Saudi-owned MBC Group, the Middle East’s top broadcaster, has announced it is floating a 10% stake on the Riyadh stock exchange seeking to raise up to 831 million riyals ($222 million) in a move to boost growth and help fuel its output of high-end productions.
“Institutional and retail investors will be allowed the opportunity to acquire shares and participate in the long-term growth plans of the company and the Saudi media market,” MBC Group said in a statement on Thursday.
HSBC Saudi Arabia is the lead manager of the IPO that will run Nov. 30-Dec. 6 in tandem with JP Morgan Saudi Arabia and SNB Capital, as financial advisors.
MBC, which was launched in London in 1991, subsequently moved its headquarters to Dubai in 2002 at a time when for religion-related reasons Saudi Arabia had banned moviegoing, and entertainment in general was frowned upon by the country’s conservative leadership.
Then, in December 2017, Saudi lifted its cinema ban and has since made the media and creative industries an important pillar of its plan to diversify its economy.
Last year, MBC opened new headquarters in Riyadh, a move described by MBC Group chairman Waleed bin Ibrahim Al-Ibrahim during the gala opening as a return to “our homeland.”
The Saudi government currently owns a 60% stake in MBC while the rest is held by Al-Ibrahim, who founded the pan-Arab satcaster that has 13 free-to-air TV channels and operates leading premium streamer Shahid VIP.
MBC is now shifting the bulk of its production activities to Saudi where they have more than 80 film and TV titles in various stages of production.
MBC Studios is among producers of Dubai-based Iraqi director Yasir Al-Yasiri’s fantasy “HWJN,” which opens Saudi Arabia’s Red Sea Film Festival running Nov. 30-Dec. 9 in Jeddah, on the Red Sea’s eastern shore.

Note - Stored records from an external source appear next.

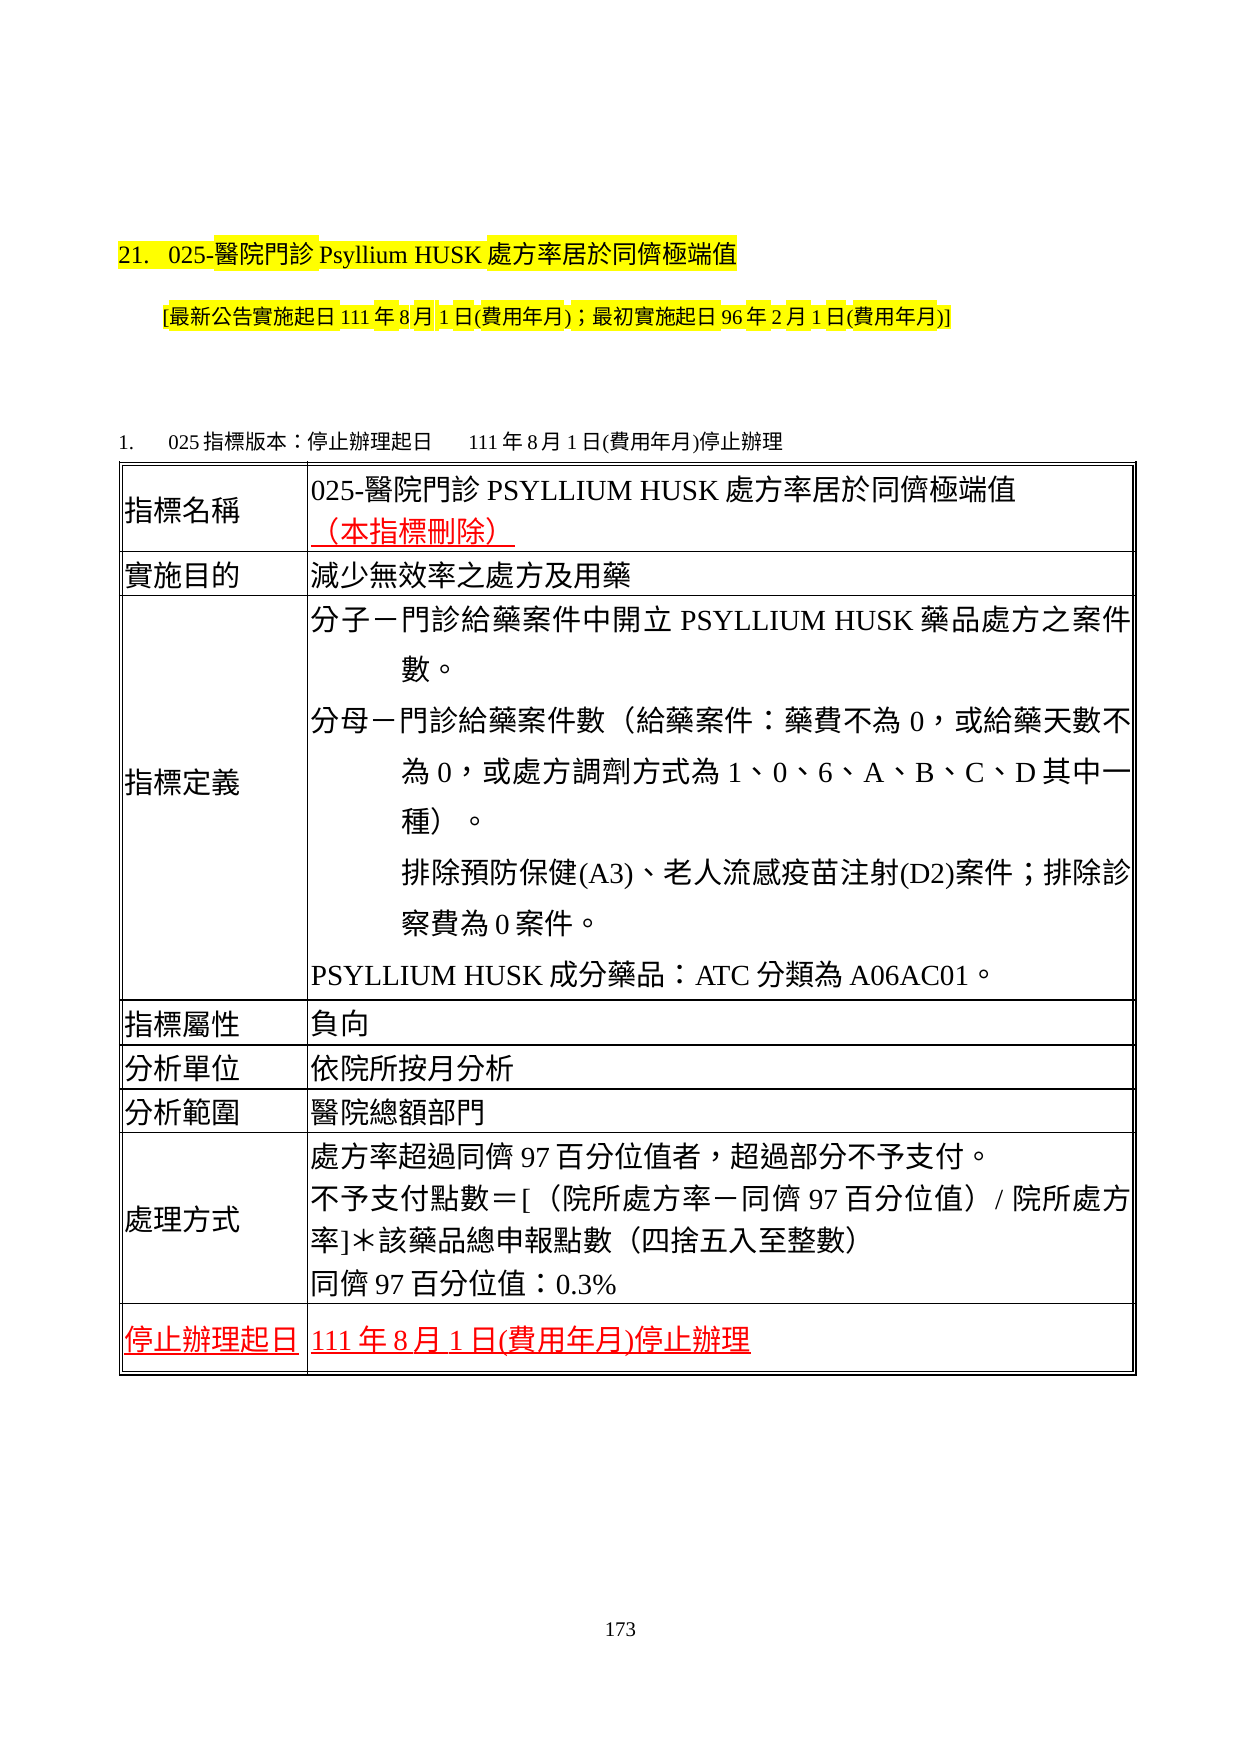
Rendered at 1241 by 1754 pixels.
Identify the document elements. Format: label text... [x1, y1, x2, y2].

table_cell 醫院總額部門 [308, 1090, 1132, 1132]
subtitle 025-醫院門診Psyllium HUSK處方率居於同儕極端值 [118, 211, 1122, 274]
table_cell 111年8月1日(費用年月)停止辦理 [308, 1304, 1132, 1371]
table_header 指標名稱 [123, 466, 307, 551]
table_cell 減少無效率之處方及用藥 [308, 552, 1132, 594]
table_cell 處理方式 [123, 1133, 307, 1302]
table_cell 依院所按月分析 [308, 1046, 1132, 1088]
table_cell 負向 [308, 1001, 1132, 1044]
table_cell 停止辦理起日 [123, 1304, 307, 1371]
table_cell 處方率超過同儕97百分位值者，超過部分不予支付。 不予支付點數＝[（院所處方率－同儕97百分位值）/ 院所處方率]＊該藥品總申報點數（四捨五入至整數） 同儕97百分位值：0.3% [308, 1133, 1132, 1302]
table_cell 指標定義 [123, 596, 307, 999]
table_cell 分析範圍 [123, 1090, 307, 1132]
table_cell 分析單位 [123, 1046, 307, 1088]
table_cell 指標屬性 [123, 1001, 307, 1044]
table_header 025-醫院門診Psyllium HUSK處方率居於同儕極端值 （本指標刪除） [308, 466, 1132, 551]
text [最新公告實施起日111年8月1日(費用年月)；最初實施起日96年2月1日(費用年月)] [162, 274, 1122, 336]
table_cell 實施目的 [123, 552, 307, 594]
table_cell 分子－門診給藥案件中開立Psyllium HUSK藥品處方之案件數。 分母－門診給藥案件數（給藥案件：藥費不為0，或給藥天數不為0，或處方調劑方式為1、0、6、A、B、C、D其中一種）。 排除預防保健(A3)、老人流感疫苗注射(D2)案件；排除診察費為0案件。 Psyllium HUSK成分藥品：ATC分類為A06AC01。 [308, 596, 1132, 999]
subtitle 025指標版本：停止辦理起日 111年8月1日(費用年月)停止辦理 [118, 399, 1122, 461]
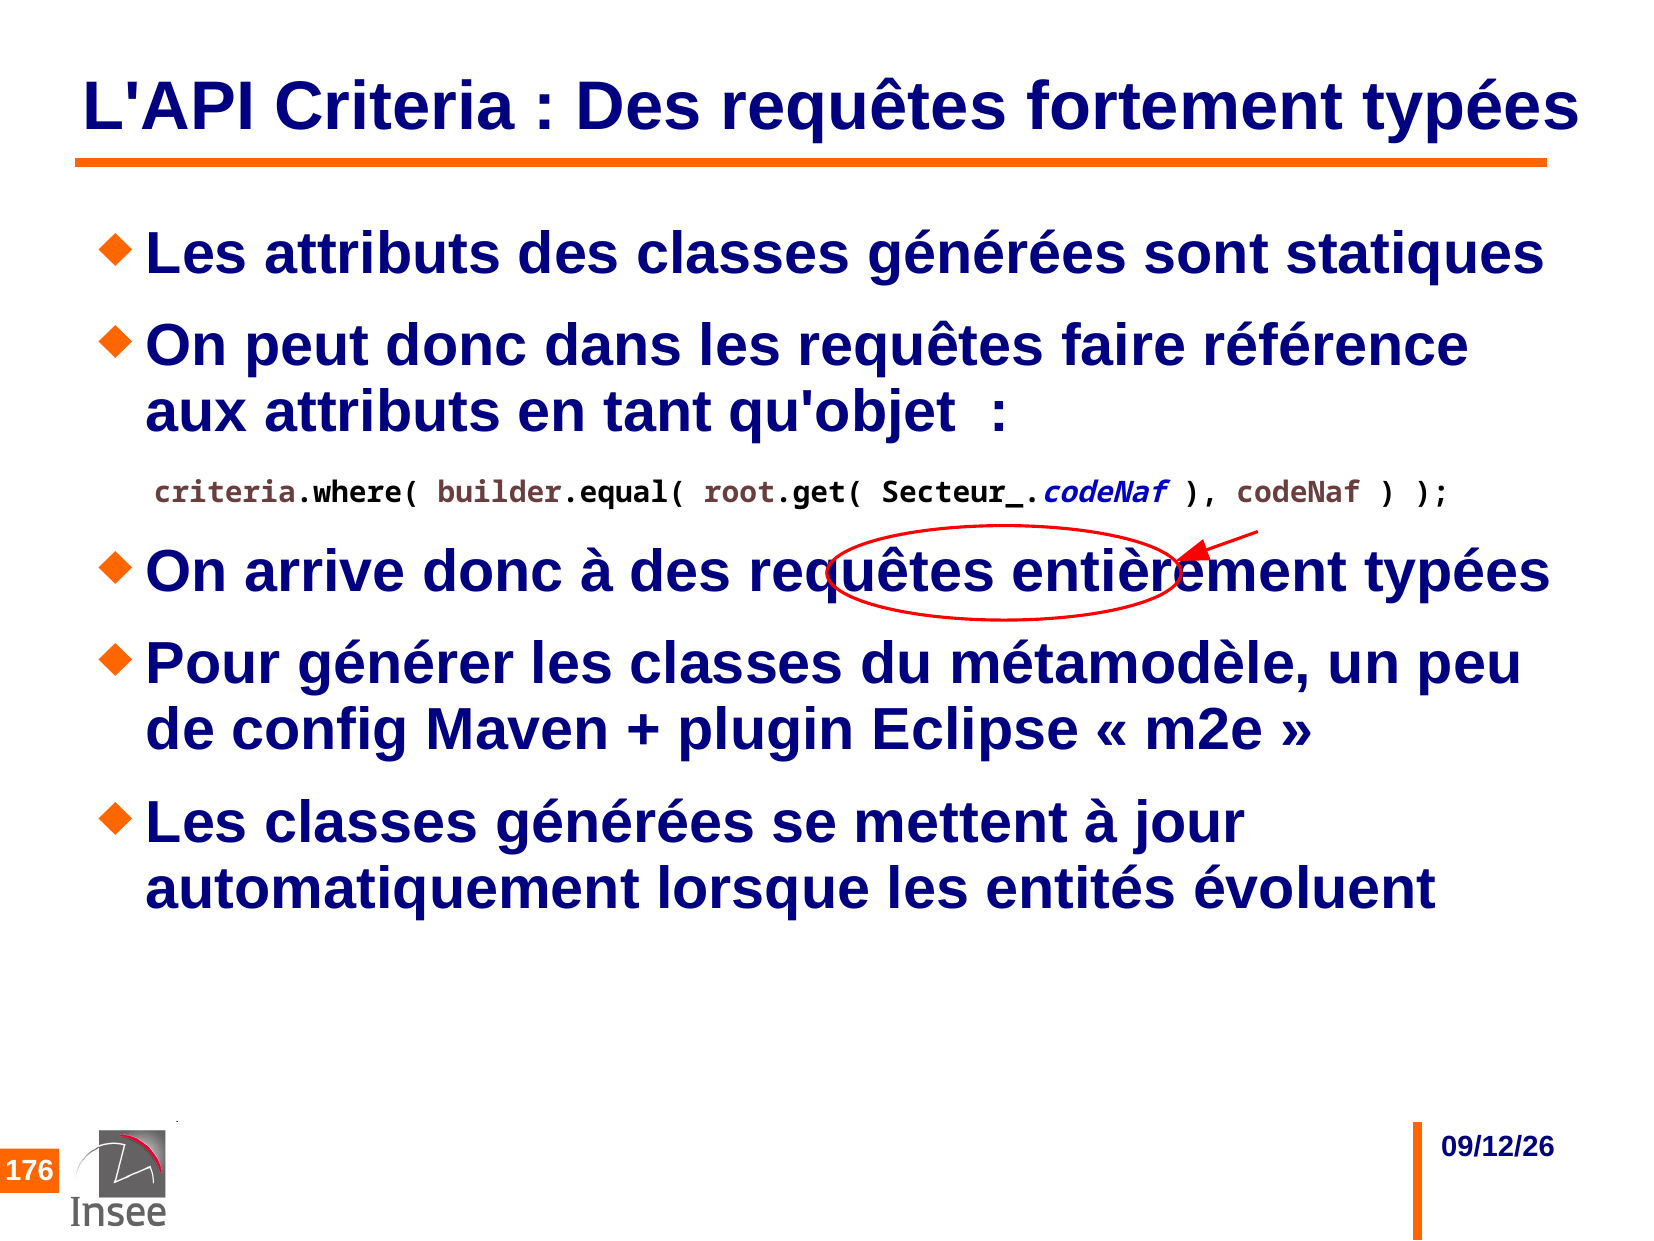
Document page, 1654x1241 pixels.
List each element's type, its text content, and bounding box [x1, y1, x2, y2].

list Les attributs des classes générées sont statiques On peut donc dans les requêtes faire référence aux attributs en tant qu'objet : criteria.where( builder.equal( root.get( Secteur_.codeNaf ), codeNaf ) ); On arrive donc à des requêtes entièrement typées Pour générer les classes du métamodèle, un peu de config Maven + plugin Eclipse « m2e » Les classes générées se mettent à jour automatiquement lorsque les entités évoluent [82, 219, 1571, 1123]
title L'API Criteria : Des requêtes fortement typées [82, 49, 1619, 163]
picture [62, 1121, 178, 1241]

High-end Saudi productions in various stages bankrolled by MBC include Hollywood-style tentpole “Desert Warrior,” featuring an all-star international cast led by “Captain America” star Anthony Mackie and directed by Rupert Wyatt (“Planet of the Apes”), and fantasy-adventure “Rise of the Witches,” the biggest TV series ever produced with a homegrown Saudi cast. Both were filmed in NEOM, a sprawling area along the kingdom’s Red Sea coast.